The USA Green Card Journey (pt.4)

This is the one where things get nasty for me.

December 2017, right before Christmas I receive emails from both my attorney and the NVC with my interview date of January 30th 2018. There now follows a flurry of furious activity where I have to co-ordinate work leave, travel and visa medical all around this date. The important one being the visa medical a minimum of five working days before the interview.

Confirm interview appointment and book the courier for my passport. Arrange travel so I’ll be where they’re sending it. That’s a train back to Newcastle.

It took exactly 100 attempts before I was able to contact Knightsbridge Medical in London for an appointment. I book suitably far ahead (Jan 19th), arrange time off from work and look at the requirements to bring to the medical. Just as well that I checked Visajourney.com beforehand too because the US had changed it’s requirements. My father ended up going to my doctor’s to get an abbreviated medical history for me.

Ok. Paperwork, check. Appointment, check. Doctor’s office … closed???? WTF?

Yeah they were closed that day and had made my appointment in error. They’d taken my email address down wrong so that bounced. They called but didn’t leave a voicemail so I didn’t know what to reply to.

Appointment rearranged quickly for the following monday. That’s most of my stretch factor gone. Three vaccinations (flu, mmr and tetanus), one blood draw, a physical, a chest x-ray for TB and a urine sample. They want “half a pot”, but anymore than that isn’t required. Or liked 😉

Little did I know it’d be the last humour I saw in this process from this point on.

Cue January 30th. This is the plan:

1) Taxi from where i’m staying to Kings Cross station
2) Drop off suitcase and bag into left luggage, taking only myself phone and documents.
3) London Underground to Vauxhall.
4) Get breakfast.
5) Bus to Embassy and
6) Profit?

What actually happens:

1) The taxi doesn’t bother to turn up, forcing me to run with bags uphill for 1.5 miles to the nearest tube station.
2) Tube to Kings Cross
3) Drop off bags
4) High tail it via Tube to Vauxhall
5) Find a Pret-a-Manger, grab something hot.
6) High tail it to the Embassy, ignoring the buses.

Immigrant visas take priority over others. You skip queues effectively and are allowed in 15 minutes sooner than non immigrant ones. You also get to go to the special immigration area vs the more public non-immigrant one.
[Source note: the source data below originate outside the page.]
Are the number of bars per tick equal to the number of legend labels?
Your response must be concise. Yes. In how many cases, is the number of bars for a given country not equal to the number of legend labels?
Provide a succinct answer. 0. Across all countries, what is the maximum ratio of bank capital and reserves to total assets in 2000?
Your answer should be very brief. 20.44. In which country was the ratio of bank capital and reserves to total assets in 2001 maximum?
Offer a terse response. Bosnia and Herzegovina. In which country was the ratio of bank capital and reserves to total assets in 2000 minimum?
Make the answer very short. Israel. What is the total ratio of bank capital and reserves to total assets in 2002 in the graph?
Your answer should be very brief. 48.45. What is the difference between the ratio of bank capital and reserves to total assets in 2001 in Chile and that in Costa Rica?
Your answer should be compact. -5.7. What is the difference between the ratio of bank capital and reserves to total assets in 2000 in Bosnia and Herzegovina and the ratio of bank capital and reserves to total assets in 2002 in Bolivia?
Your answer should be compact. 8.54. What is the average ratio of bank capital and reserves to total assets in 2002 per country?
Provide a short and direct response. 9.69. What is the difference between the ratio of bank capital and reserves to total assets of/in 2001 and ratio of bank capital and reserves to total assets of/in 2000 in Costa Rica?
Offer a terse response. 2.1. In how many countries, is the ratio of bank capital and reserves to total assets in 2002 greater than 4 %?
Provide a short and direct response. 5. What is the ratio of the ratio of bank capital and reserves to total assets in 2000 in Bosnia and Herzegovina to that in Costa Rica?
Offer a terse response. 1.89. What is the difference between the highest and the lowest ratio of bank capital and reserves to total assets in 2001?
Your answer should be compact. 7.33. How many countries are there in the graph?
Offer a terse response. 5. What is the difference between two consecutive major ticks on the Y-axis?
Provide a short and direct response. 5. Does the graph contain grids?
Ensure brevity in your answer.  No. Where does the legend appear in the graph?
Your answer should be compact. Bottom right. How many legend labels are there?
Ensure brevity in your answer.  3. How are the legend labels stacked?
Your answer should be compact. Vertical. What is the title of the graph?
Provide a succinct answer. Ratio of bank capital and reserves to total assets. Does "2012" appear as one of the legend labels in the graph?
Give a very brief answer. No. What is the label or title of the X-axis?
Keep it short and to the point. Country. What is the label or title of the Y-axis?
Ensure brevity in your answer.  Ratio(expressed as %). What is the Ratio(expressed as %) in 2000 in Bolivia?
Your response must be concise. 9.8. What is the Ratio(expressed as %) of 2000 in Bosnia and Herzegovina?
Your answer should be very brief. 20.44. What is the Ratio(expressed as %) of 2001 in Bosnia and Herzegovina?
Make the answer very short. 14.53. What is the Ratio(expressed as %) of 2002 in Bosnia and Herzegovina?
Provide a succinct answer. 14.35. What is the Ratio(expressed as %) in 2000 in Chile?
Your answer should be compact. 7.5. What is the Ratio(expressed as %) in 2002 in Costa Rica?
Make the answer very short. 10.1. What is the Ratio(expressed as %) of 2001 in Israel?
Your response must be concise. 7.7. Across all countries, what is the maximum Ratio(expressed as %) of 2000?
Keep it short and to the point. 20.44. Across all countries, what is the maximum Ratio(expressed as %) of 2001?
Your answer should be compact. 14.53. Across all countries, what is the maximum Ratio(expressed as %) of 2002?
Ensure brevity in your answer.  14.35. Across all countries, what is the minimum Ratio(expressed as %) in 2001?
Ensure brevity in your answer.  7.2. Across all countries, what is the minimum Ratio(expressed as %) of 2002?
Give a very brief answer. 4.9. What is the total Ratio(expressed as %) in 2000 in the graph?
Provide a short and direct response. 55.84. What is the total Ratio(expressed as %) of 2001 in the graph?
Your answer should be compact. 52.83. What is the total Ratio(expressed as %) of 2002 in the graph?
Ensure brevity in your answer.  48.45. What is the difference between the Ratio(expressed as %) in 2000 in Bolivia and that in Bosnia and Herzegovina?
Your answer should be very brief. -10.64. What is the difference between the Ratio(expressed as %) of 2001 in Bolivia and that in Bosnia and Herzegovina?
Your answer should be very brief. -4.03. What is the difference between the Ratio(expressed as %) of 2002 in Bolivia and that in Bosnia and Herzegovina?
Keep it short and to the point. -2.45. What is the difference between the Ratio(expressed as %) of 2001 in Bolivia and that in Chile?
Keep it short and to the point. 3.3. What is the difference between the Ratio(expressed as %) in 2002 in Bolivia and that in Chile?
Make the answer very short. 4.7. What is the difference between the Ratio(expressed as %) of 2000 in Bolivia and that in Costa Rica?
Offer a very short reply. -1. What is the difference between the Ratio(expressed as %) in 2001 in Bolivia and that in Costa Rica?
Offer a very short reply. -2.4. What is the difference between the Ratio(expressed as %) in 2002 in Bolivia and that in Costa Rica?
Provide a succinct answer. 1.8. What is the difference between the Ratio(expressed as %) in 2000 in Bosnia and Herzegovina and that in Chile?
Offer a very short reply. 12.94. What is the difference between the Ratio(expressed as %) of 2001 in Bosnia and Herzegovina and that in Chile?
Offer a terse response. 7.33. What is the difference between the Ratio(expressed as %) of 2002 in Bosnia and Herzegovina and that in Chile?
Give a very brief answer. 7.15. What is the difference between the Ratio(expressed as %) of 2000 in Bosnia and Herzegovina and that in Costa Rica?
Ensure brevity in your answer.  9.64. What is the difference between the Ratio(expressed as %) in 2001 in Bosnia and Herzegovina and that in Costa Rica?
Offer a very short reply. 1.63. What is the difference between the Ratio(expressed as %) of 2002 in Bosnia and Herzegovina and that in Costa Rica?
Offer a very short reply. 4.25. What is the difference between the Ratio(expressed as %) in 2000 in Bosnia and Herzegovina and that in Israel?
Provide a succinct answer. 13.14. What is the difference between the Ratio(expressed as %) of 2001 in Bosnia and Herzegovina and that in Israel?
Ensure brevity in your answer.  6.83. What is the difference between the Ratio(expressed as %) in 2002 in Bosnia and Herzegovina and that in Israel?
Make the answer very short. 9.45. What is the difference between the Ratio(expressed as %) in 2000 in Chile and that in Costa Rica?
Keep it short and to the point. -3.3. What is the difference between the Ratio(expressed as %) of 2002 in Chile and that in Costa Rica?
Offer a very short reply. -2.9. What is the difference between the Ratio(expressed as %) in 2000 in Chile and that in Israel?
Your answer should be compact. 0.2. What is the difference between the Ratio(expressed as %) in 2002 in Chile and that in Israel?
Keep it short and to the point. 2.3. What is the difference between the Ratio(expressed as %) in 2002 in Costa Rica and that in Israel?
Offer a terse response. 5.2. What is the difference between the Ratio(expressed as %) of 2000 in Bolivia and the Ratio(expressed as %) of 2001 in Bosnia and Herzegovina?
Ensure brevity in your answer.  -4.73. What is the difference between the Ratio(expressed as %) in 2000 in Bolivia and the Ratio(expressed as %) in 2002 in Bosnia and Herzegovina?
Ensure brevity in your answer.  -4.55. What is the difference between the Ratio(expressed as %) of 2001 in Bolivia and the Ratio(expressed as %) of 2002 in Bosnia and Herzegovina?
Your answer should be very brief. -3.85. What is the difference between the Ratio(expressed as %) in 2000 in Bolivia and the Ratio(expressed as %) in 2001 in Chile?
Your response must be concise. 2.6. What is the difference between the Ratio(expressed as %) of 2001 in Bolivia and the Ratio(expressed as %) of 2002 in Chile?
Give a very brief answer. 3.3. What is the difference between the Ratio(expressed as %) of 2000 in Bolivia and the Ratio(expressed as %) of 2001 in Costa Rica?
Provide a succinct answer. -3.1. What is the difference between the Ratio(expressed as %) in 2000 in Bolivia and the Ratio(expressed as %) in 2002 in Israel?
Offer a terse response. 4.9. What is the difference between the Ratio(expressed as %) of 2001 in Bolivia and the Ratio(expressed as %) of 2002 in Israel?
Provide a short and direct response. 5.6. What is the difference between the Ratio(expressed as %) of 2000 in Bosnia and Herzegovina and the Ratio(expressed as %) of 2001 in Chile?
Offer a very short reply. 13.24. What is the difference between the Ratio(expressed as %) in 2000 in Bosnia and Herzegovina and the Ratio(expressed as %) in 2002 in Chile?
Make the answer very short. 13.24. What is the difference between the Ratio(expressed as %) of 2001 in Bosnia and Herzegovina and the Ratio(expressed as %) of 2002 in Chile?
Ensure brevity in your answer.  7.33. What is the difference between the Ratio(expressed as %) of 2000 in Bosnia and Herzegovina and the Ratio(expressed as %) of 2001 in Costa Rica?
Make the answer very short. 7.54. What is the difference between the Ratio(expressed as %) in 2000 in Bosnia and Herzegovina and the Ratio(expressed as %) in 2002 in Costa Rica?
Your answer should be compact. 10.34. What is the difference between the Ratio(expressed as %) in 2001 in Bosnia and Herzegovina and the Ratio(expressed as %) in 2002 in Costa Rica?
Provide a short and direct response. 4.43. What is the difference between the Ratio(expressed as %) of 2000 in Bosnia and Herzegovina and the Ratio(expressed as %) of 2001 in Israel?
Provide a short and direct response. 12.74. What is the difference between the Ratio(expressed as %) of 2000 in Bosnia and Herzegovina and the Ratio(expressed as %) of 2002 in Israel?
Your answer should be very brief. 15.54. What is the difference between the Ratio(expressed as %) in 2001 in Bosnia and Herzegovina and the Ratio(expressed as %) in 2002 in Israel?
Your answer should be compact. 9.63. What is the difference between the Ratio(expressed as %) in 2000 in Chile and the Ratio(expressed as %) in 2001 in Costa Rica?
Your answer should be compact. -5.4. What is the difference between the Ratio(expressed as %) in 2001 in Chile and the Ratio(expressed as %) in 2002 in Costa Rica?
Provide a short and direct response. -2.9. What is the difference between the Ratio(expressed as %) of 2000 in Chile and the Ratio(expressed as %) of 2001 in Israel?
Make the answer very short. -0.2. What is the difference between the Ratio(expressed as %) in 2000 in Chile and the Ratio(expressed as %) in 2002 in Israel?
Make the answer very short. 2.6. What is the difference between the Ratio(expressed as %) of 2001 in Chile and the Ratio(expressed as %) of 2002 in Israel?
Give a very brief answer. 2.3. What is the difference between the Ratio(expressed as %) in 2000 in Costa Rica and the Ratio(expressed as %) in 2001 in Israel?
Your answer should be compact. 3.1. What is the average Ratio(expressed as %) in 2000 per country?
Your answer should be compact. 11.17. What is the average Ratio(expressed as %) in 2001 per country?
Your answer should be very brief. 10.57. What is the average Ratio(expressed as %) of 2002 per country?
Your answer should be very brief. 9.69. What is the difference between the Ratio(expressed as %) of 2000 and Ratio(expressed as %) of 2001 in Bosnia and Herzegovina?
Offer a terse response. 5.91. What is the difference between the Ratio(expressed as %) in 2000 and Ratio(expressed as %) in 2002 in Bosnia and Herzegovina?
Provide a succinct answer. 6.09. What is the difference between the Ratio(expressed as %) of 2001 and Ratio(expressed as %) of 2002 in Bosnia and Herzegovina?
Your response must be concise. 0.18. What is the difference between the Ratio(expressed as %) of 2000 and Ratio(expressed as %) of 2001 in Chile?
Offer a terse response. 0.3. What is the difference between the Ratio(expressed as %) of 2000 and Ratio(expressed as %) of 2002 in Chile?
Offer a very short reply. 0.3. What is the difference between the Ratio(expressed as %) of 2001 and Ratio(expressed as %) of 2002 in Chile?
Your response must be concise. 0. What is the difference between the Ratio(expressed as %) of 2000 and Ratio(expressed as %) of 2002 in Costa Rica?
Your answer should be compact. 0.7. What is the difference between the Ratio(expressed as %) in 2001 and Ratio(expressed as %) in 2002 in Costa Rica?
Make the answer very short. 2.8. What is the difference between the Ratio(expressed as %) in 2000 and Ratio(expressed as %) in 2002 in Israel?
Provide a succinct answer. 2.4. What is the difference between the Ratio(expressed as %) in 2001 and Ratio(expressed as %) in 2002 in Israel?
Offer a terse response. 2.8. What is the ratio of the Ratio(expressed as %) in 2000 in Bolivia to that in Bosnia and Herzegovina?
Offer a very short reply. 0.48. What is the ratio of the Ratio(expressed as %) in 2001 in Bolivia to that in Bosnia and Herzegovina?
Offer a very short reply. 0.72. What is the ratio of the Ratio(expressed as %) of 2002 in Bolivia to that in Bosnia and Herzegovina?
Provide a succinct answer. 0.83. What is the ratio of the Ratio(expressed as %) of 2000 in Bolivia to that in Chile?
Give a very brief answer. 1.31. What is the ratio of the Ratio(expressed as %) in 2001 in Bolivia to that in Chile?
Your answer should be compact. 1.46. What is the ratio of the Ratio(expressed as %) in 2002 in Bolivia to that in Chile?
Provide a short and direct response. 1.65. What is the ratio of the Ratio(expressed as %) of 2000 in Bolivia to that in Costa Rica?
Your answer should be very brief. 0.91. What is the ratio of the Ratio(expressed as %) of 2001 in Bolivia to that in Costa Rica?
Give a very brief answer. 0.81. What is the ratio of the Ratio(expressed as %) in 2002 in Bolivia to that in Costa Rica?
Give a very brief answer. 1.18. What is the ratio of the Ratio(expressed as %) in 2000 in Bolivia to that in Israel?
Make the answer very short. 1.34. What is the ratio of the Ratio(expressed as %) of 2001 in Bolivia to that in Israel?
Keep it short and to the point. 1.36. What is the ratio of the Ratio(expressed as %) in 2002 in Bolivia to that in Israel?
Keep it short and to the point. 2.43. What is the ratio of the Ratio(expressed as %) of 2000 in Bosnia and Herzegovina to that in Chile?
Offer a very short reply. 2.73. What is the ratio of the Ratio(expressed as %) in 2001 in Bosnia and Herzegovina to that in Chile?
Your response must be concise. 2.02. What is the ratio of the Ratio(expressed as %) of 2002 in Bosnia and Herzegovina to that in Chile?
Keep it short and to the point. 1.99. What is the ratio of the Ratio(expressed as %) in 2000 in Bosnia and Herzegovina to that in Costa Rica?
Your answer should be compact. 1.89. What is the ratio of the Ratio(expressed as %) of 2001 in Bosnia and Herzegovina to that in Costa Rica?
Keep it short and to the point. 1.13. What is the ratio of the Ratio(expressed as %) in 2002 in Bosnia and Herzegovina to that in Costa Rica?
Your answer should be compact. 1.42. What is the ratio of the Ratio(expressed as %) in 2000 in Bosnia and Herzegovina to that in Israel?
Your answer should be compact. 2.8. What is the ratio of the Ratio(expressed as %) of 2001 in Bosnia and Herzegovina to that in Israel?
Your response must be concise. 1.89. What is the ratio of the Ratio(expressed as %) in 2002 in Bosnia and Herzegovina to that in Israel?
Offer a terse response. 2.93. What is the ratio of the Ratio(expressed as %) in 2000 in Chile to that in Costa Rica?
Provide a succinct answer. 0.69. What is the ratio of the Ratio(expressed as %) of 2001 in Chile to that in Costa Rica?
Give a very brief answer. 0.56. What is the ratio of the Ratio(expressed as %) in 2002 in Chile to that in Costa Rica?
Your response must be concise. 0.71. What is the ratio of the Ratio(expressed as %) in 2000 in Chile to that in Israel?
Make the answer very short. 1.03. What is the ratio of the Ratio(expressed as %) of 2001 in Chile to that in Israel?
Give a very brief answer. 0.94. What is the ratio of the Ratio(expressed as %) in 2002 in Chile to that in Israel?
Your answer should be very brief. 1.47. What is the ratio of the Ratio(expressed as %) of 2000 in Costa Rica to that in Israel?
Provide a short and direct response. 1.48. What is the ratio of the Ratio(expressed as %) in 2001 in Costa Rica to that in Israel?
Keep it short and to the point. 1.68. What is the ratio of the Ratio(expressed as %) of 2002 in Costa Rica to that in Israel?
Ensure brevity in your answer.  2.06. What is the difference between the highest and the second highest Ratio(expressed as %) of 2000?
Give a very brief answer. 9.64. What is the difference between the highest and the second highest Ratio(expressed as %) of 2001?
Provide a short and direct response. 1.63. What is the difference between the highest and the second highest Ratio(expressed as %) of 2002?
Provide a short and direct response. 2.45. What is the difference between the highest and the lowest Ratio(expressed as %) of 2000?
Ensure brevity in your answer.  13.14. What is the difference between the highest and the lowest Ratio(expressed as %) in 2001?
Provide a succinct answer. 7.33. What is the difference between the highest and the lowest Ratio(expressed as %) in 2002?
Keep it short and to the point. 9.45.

The process here should be three steps:

1) First interview to give over documents such as original birth certificate, passport etc.
2) Actual visa interview.
3) Pay the cashier for the visa.

What actually happened:

1) Handed over the documents. Find out that my medical may not have turned up.
2) Eventually do the interview. Find that the medical did turn up.

The interview went in a direction I wasn’t expecting. I don’t want to go into many details but suffice to say I was painted into corners I couldn’t get out of. There were no right answers for this guy. I mean I’ve made no secret of the fact that film is what I want to do, everything else is a means to do it. Thanks to questioning, I wasn’t able to get that across. I think my fate was decided before I got there.

My visa application was not rejected. I was given blue form 226(g) notice of Administrative Processing.

I was informed that while this is pending I can no longer travel to the USA on an ESTA. I may be able to apply for a non-immigrant visa but I know full damn well that can take six months and is not guaranteed, especially with an potentially failed immigration petition.

I was also informed that I could be permanently excluded from the USA should this fail.

It’s nice to know that one guy can potentially ruin a life isn’t it? It’ll certainly kill my entertainment career, probably the career of the guy I write with and my IT career will also probably suffer because I won’t be able to attend conferences.

Form 226(g) Administrative Review from what I can tell is a “black box” process. You can chase but you basically won’t hear anything until they want to say something. I’ve been informed that it can be 60+ days as my file has to go back to USCIS in the USA.

The only thing left. I’ve contacted my attorney to set up a meeting.

Instead of getting a measure of certainty back in my life, I only have more uncertainty and doubt. I don’t like this at all.